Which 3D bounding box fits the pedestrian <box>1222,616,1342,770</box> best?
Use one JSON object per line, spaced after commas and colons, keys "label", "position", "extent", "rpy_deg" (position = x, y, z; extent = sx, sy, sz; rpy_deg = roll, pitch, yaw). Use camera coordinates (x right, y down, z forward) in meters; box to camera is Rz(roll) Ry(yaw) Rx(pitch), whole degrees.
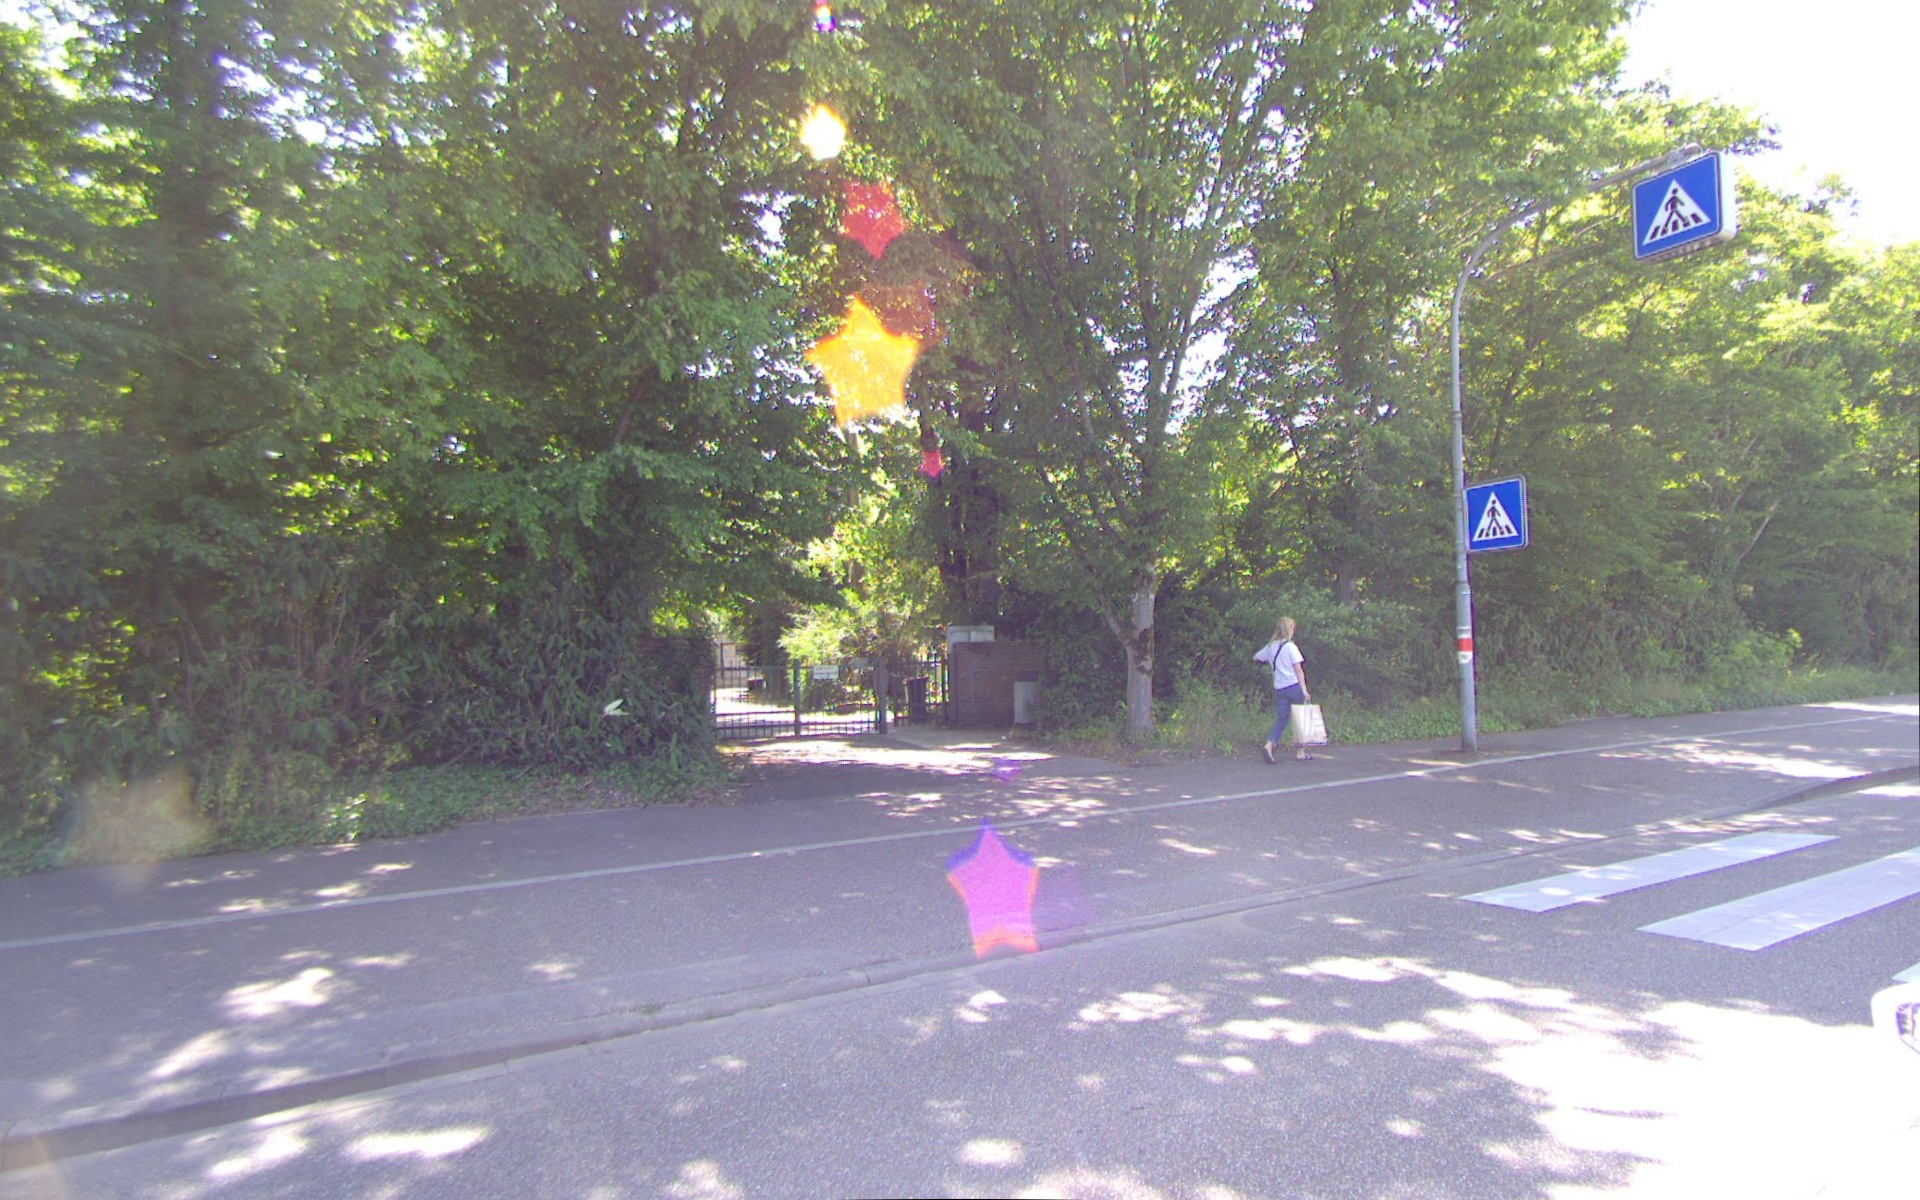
{"label": "pedestrian", "position": [3.637, 1.010, 11.373], "extent": [0.875, 1.634, 0.928], "rpy_deg": [0, -1, -30]}

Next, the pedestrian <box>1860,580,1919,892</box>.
{"label": "pedestrian", "position": [6.095, 0.754, 5.706], "extent": [1.012, 1.774, 1.149], "rpy_deg": [0, -4, -33]}

● Problem to solve: Your task is to repeat the material above exactly, without its pictures.

● Solution to this exercise:
Which 3D bounding box fits the pedestrian <box>1222,616,1342,770</box> best?
Use one JSON object per line, spaced after commas and colons, keys "label", "position", "extent", "rpy_deg" (position = x, y, z; extent = sx, sy, sz; rpy_deg = roll, pitch, yaw). Use camera coordinates (x right, y down, z forward) in meters; box to camera is Rz(roll) Ry(yaw) Rx(pitch), whole degrees.
{"label": "pedestrian", "position": [3.637, 1.010, 11.373], "extent": [0.875, 1.634, 0.928], "rpy_deg": [0, -1, -30]}

Next, the pedestrian <box>1860,580,1919,892</box>.
{"label": "pedestrian", "position": [6.095, 0.754, 5.706], "extent": [1.012, 1.774, 1.149], "rpy_deg": [0, -4, -33]}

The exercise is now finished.